Intermittents du spectacle à Toulouse

Lola Dolores
Mémé dans les orties
4 min readDec 6, 2016

Ils sont ingénieur du son, comédiens ou éclairagistes, travaillent souvent de nuit dans l’ombre des évènements culturels, et se posent beaucoup de questions sur leur avenir. Coup d’oeil sur ce statut étrange qu’est l’intermittence.

En France, environ 100 000 personnes bénéficient de ce régime particulier que l’on nomme l’intermittence du spectacle. Ils sont souvent affiliés à des métiers techniques dans le monde de l’audiovisuel et du spectacle, mais peuvent aussi être des professions artistiques et créatrices.

Nicolas est régisseur son depuis deux ans, après une formation en DMA à Nancy.

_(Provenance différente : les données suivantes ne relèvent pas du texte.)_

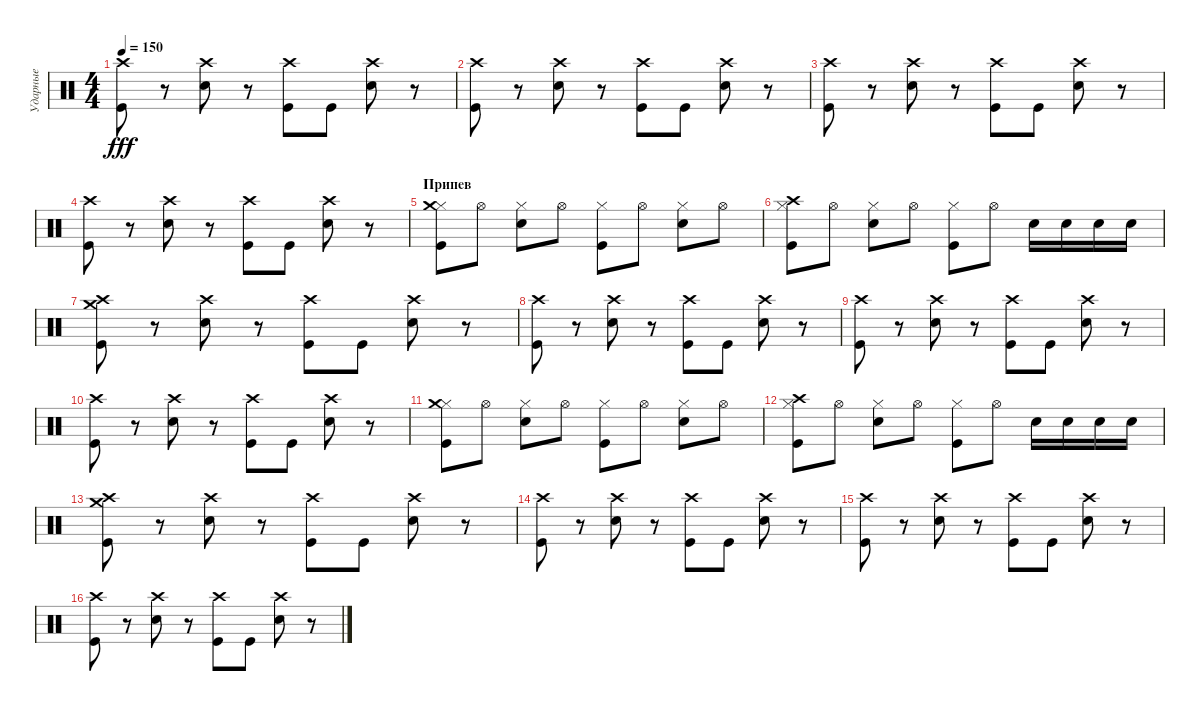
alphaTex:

\track ("Ударные" "Ударные") {instrument percussion}
\staff {score}
\articulation defaults
\ts (4 4)
\tempo 150
\clef neutral
\ks c
("Crash high (hit)" "Kick (hit)").8{dy fff} r.8 ("Crash high (hit)" "Electric Snare (hit)").8 r.8 ("Crash high (hit)" "Kick (hit)").8 "Kick (hit)".8 ("Crash high (hit)" "Electric Snare (hit)").8 r.8 |
("Crash high (hit)" "Kick (hit)").8 r.8 ("Crash high (hit)" "Electric Snare (hit)").8 r.8 ("Crash high (hit)" "Kick (hit)").8 "Kick (hit)".8 ("Crash high (hit)" "Electric Snare (hit)").8 r.8 |
("Crash high (hit)" "Kick (hit)").8 r.8 ("Crash high (hit)" "Electric Snare (hit)").8 r.8 ("Crash high (hit)" "Kick (hit)").8 "Kick (hit)".8 ("Crash high (hit)" "Electric Snare (hit)").8 r.8 |
("Crash high (hit)" "Kick (hit)").8 r.8 ("Crash high (hit)" "Electric Snare (hit)").8 r.8 ("Crash high (hit)" "Kick (hit)").8 "Kick (hit)".8 ("Crash high (hit)" "Electric Snare (hit)").8 r.8 |
\section ("" "Припев")
("Hi-Hat (closed)" "Kick (hit)" "Crash medium (hit)").8 "Hi-Hat (open)".8 ("Hi-Hat (closed)" "Electric Snare (hit)").8 "Hi-Hat (open)".8 ("Hi-Hat (closed)" "Kick (hit)").8 "Hi-Hat (open)".8 ("Hi-Hat (closed)" "Electric Snare (hit)").8 "Hi-Hat (open)".8 |
("Hi-Hat (closed)" "Kick (hit)" "Crash high (hit)").8 "Hi-Hat (open)".8 ("Hi-Hat (closed)" "Electric Snare (hit)").8 "Hi-Hat (open)".8 ("Hi-Hat (closed)" "Kick (hit)").8 "Hi-Hat (open)".8 "Electric Snare (hit)".16 "Electric Snare (hit)".16 "Electric Snare (hit)".16 "Electric Snare (hit)".16 |
("Crash high (hit)" "Kick (hit)" "Crash medium (hit)").8 r.8 ("Crash high (hit)" "Electric Snare (hit)").8 r.8 ("Crash high (hit)" "Kick (hit)").8 "Kick (hit)".8 ("Crash high (hit)" "Electric Snare (hit)").8 r.8 |
("Crash high (hit)" "Kick (hit)").8 r.8 ("Crash high (hit)" "Electric Snare (hit)").8 r.8 ("Crash high (hit)" "Kick (hit)").8 "Kick (hit)".8 ("Crash high (hit)" "Electric Snare (hit)").8 r.8 |
("Crash high (hit)" "Kick (hit)").8 r.8 ("Crash high (hit)" "Electric Snare (hit)").8 r.8 ("Crash high (hit)" "Kick (hit)").8 "Kick (hit)".8 ("Crash high (hit)" "Electric Snare (hit)").8 r.8 |
("Crash high (hit)" "Kick (hit)").8 r.8 ("Crash high (hit)" "Electric Snare (hit)").8 r.8 ("Crash high (hit)" "Kick (hit)").8 "Kick (hit)".8 ("Crash high (hit)" "Electric Snare (hit)").8 r.8 |
("Hi-Hat (closed)" "Kick (hit)" "Crash medium (hit)").8 "Hi-Hat (open)".8 ("Hi-Hat (closed)" "Electric Snare (hit)").8 "Hi-Hat (open)".8 ("Hi-Hat (closed)" "Kick (hit)").8 "Hi-Hat (open)".8 ("Hi-Hat (closed)" "Electric Snare (hit)").8 "Hi-Hat (open)".8 |
("Hi-Hat (closed)" "Kick (hit)" "Crash high (hit)").8 "Hi-Hat (open)".8 ("Hi-Hat (closed)" "Electric Snare (hit)").8 "Hi-Hat (open)".8 ("Hi-Hat (closed)" "Kick (hit)").8 "Hi-Hat (open)".8 "Electric Snare (hit)".16 "Electric Snare (hit)".16 "Electric Snare (hit)".16 "Electric Snare (hit)".16 |
("Crash high (hit)" "Kick (hit)" "Crash medium (hit)").8 r.8 ("Crash high (hit)" "Electric Snare (hit)").8 r.8 ("Crash high (hit)" "Kick (hit)").8 "Kick (hit)".8 ("Crash high (hit)" "Electric Snare (hit)").8 r.8 |
("Crash high (hit)" "Kick (hit)").8 r.8 ("Crash high (hit)" "Electric Snare (hit)").8 r.8 ("Crash high (hit)" "Kick (hit)").8 "Kick (hit)".8 ("Crash high (hit)" "Electric Snare (hit)").8 r.8 |
("Crash high (hit)" "Kick (hit)").8 r.8 ("Crash high (hit)" "Electric Snare (hit)").8 r.8 ("Crash high (hit)" "Kick (hit)").8 "Kick (hit)".8 ("Crash high (hit)" "Electric Snare (hit)").8 r.8 |
("Crash high (hit)" "Kick (hit)").8 r.8 ("Crash high (hit)" "Electric Snare (hit)").8 r.8 ("Crash high (hit)" "Kick (hit)").8 "Kick (hit)".8 ("Crash high (hit)" "Electric Snare (hit)").8 r.8

Il a un peu voyagé en France, entre Nancy et Tours, avant de venir s’installer à Toulouse depuis trois mois pour rejoindre sa petite amie. « Ici, ça bouge un peu plus. Tours était trop proches de Paris, toutes les dates s’organisaient avec des prestataires parisiens. » C’est un peu le souci de ce métier, qui marche avant tout au réseau et au contact : la plupart des contrats se signent à Paris. Pas étonnant que plus de la moitié des intermittents du spectacle vivent dans la capitale …

“Il faut avoir du contact pour réussir à vivre en dehors de Paris.”

« C’est plus facile pour un casting d’embaucher un Parisien qui imitera l’accent méridional que de déplacer l’équipe pour faire un casting dans le Sud », nous dit Laura, comédienne et vivant du statut de l’intermittence depuis 5 ans. « Tout se fait sur place à la capitale. Il faut vraiment avoir du contact pour réussir à vivre en dehors de Paris. »

Des contacts, du réseau, autant de manières de trouver des emplois qui passent hors des circuits conventionnels. « Pôle Emploi n’est pas une plateforme adaptée à notre métier », nous dit Nicolas. « Notre savoir faire est trop spécifique, et les algorythmes de Pôle Emploi trop datés. » Un problème de mise à jour, réellement ? Nous avons posé la question au bureau Pôle Emploi de Patte d’Oie.

« Il est vrai que pour les métiers très spécifiques, notre plateforme n’est pas la mieux adaptée, nous répond une conseillère. D’où la nécessité pour les intermittents d’avoir un statut spécifique correspondant à leur besoin. Bien entendu ils pourront toujours trouver des emplois par le biais de nos offres, mais ils ne faut pas qu’ils se reposent sur ce seul outil pour réussir à faire leurs heures. »

“Je connais très peu de personnes qui bénéficient réellement du statut d’intermittence.”

Des heures parfois bien difficiles à trouver, et plus contraignantes qu’il n’y paraît. « Jusqu’à maintenant, je n’ai travaillé qu’en CDD à la journée ou au week-end, nous confie Nicolas, ce qui fait que je n’ai pas pu remplir mes heures. » Le statut d’intermittent du spectacle est souvent remis en question par le Medef et ce statut est débattu chaque année. En effet la caisse est déficitaire, et ils bénéficient d’avantages sociaux non négligeables. Mais la réalité du terrain est toute autre. « Je connais très peu de personnes qui bénéficient réellement du statut, nous dit Laura. Beaucoup de mes amis comédiens signent en réalité des CDI par des associations en étant auto-entrepreneur. Le statut d’intermittent est avantageux à partir du moment où l’on fait beaucoup d’heures, ce qui n’est pas forcément le cas quand on débute ». Nicolas complète : « Pour l’employeur, le CDD est plus avantageux, car le statut d’intermittent à la journée ou au week end a trop de charges. Plus le temps d’intermittence est court, plus les charges sont importantes. Pour des contrats de 8 à 12 heures les employeurs n’en veulent pas. »

Nicolas est en tous cas ravi d’être sur Toulouse. « Cette ville a une grande dynamique culturelle. Beaucoup de projets et d’associations se montent, qui peuvent nous faire vivre en dehors de la capitale. C’est un grand plus de valoriser les initiatives locales. » Peut être la clef de ce grand débat réside t’elle tout simplement là dedans : permettre à des réseaux locaux de survivre en injectant plus de subventions aux régions pour dés-endiguer la main-mise parisienne. Sans intermittents, pas de spectacle, et il serait dommage que la fête s’arrête pour tous ceux qui vivent dans l’ombre.